[Dataset excerpts]
════════════════════

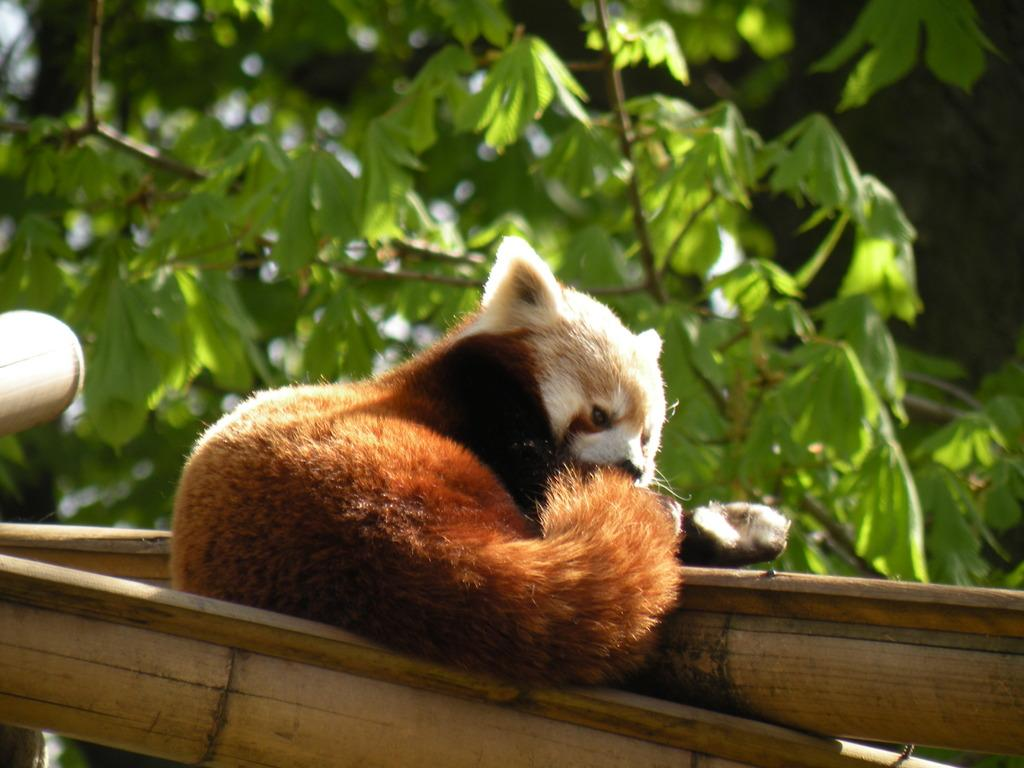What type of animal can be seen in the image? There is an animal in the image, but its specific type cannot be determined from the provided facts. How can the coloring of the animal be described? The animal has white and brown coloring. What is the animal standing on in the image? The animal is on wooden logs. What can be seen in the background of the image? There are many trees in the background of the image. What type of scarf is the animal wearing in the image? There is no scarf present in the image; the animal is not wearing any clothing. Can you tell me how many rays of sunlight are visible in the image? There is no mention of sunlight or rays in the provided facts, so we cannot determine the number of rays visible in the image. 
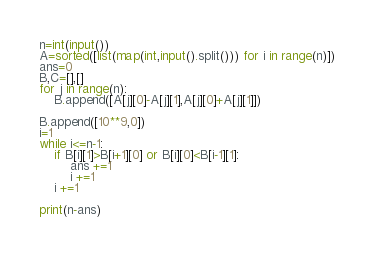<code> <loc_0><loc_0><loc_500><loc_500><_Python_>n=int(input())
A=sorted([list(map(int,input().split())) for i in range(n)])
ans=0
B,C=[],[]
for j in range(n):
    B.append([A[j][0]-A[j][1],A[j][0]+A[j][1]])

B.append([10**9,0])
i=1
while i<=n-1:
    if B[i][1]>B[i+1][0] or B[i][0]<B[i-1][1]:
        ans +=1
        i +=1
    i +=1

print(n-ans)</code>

════════════════════

### Task goal
The expected answer is the complete set of entries, copied verbatim, with no pictures.

### Answer to this exercise
What type of animal can be seen in the image? There is an animal in the image, but its specific type cannot be determined from the provided facts. How can the coloring of the animal be described? The animal has white and brown coloring. What is the animal standing on in the image? The animal is on wooden logs. What can be seen in the background of the image? There are many trees in the background of the image. What type of scarf is the animal wearing in the image? There is no scarf present in the image; the animal is not wearing any clothing. Can you tell me how many rays of sunlight are visible in the image? There is no mention of sunlight or rays in the provided facts, so we cannot determine the number of rays visible in the image. 
<code> <loc_0><loc_0><loc_500><loc_500><_Python_>n=int(input())
A=sorted([list(map(int,input().split())) for i in range(n)])
ans=0
B,C=[],[]
for j in range(n):
    B.append([A[j][0]-A[j][1],A[j][0]+A[j][1]])

B.append([10**9,0])
i=1
while i<=n-1:
    if B[i][1]>B[i+1][0] or B[i][0]<B[i-1][1]:
        ans +=1
        i +=1
    i +=1

print(n-ans)</code>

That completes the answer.